The trophy's design began as a sketch on a cocktail napkin in 1966 by Oscar Riedner, vice president of design for the Tiffany & Co. jewelry company.
Mr. Riedner's sketch, developed during a luncheon with NFL Commissioner Pete Rozelle, featured a regulation-size football in kicking position on an elongated tee. Aside from updating the NFL's logo, the trophy design has remained unchanged since its original drawing.
Requiring approximately four months and 72 hours of labor to complete, each Lombardi Trophy is hand-spun, assembled and engraved at Tiffany & Co.'s workshop in Parsippany, N.J. The seven-pound, 22-inch-tall trophies are cast entirely of sterling silver and valued at more than $25,000 each.

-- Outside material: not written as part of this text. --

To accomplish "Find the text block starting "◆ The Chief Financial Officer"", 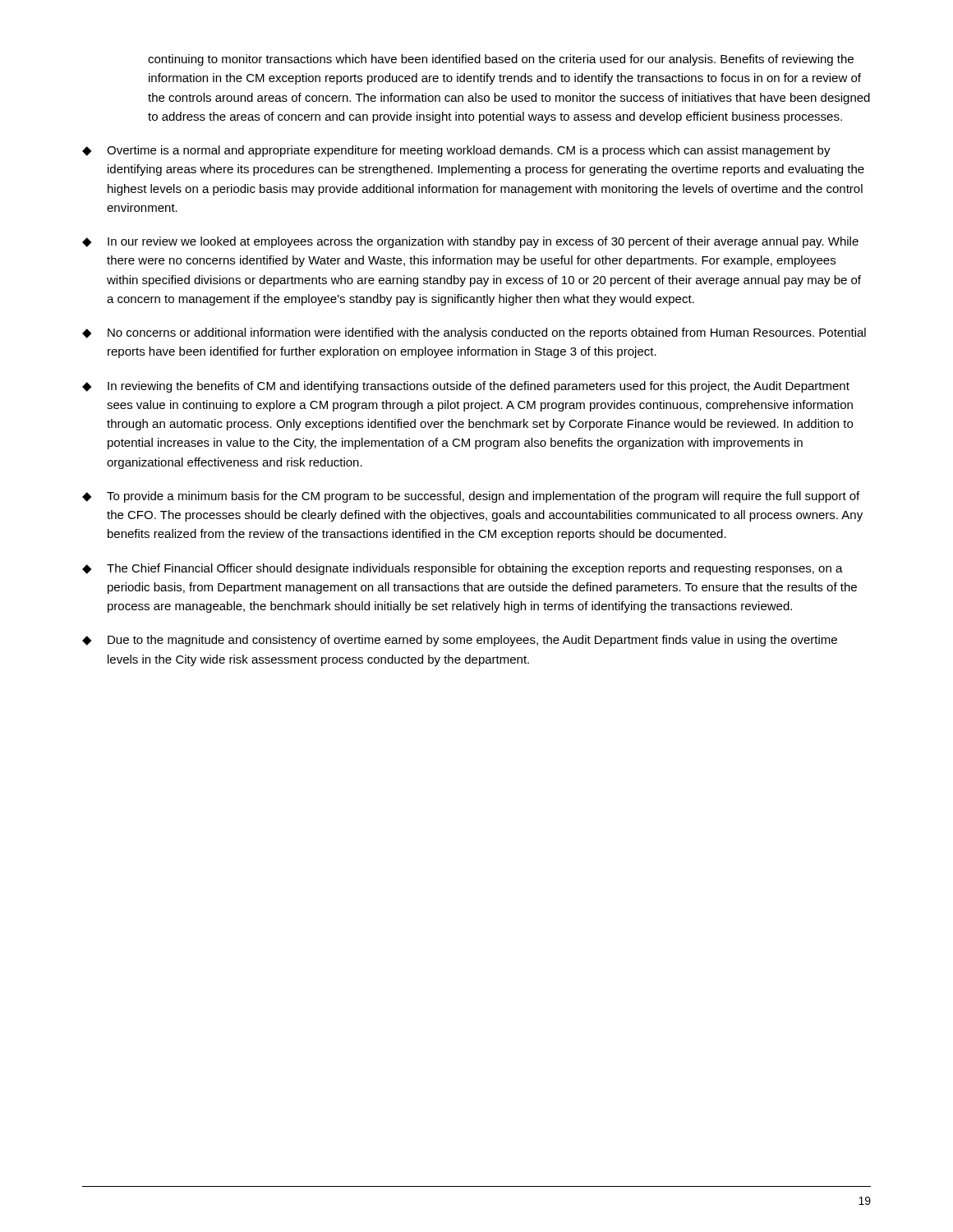I will pyautogui.click(x=476, y=587).
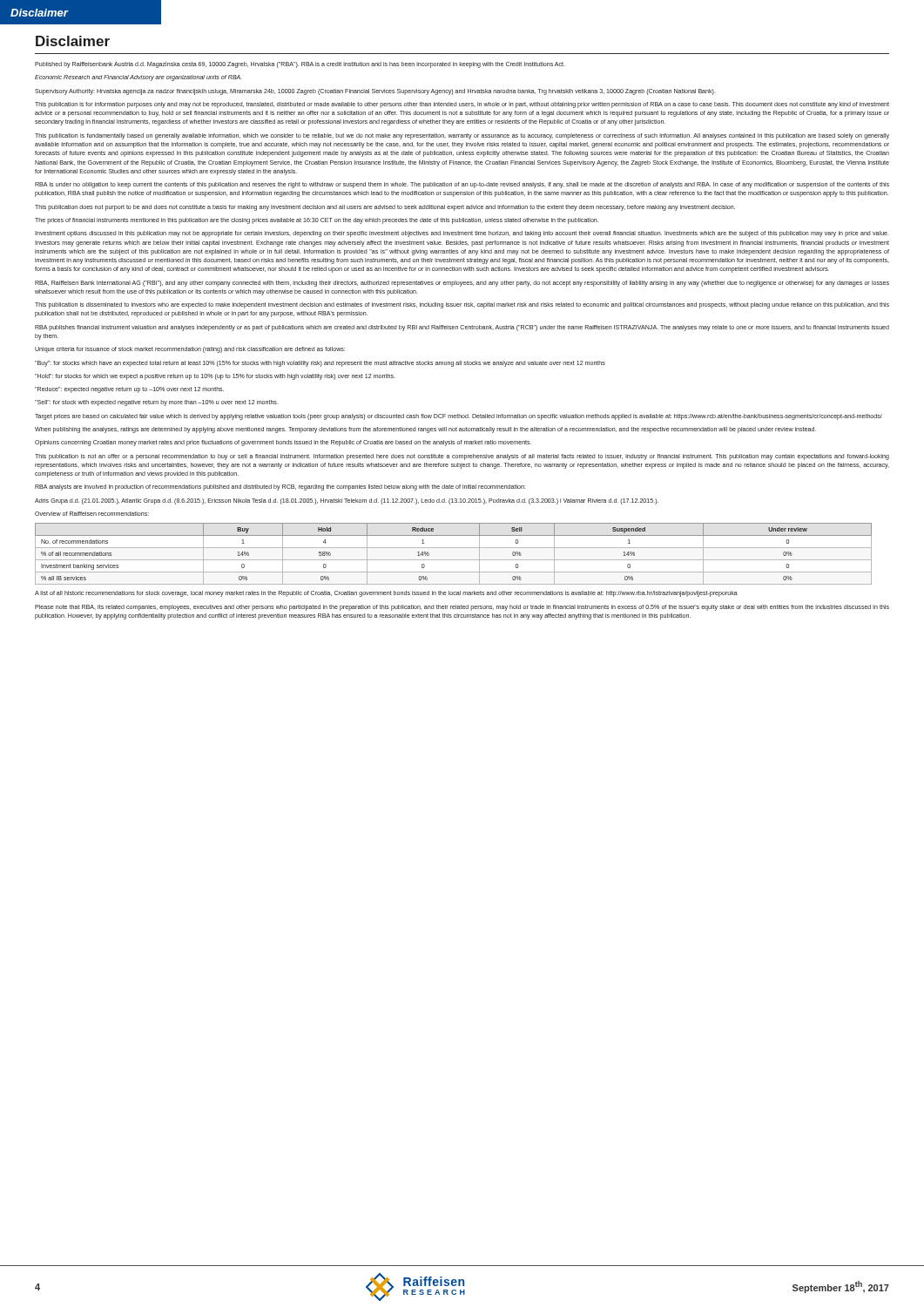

The NFL renamed the World Championship Game Trophy in 1970 to honor legendary Green Bay Packers head coach -- and winner of Super Bowls I and II -- Vince Lombardi.
The Lombardi Trophy is presented to the Super Bowl champions during an on-field ceremony immediately following the game. After the presentation, the trophy is sent back to Tiffany & Co. to be engraved with the date and final score of the game, as well as the winning team's roster. A new trophy is created each year -- unlike professional hockey's Stanley Cup -- and kept at the winning team's headquarters.
After winning Super Bowl XLIII on Feb. 1, 2009, the Pittsburgh Steelers franchise earned its sixth Lombardi Trophy, the most of any team in NFL history. The San Francisco 49ers and Dallas Cowboys are tied for second with five trophies apiece.
As the Steelers kick off the 2009 NFL season, visitors to the Western Pennsylvania Sports Museum at the History Center can learn about the team's Super Bowl success and experience nearly 50 never-before-seen photos of team players and management at the new exhibit, "Behind the Scenes With the Pittsburgh Steelers: Photographs by Mike Fabus."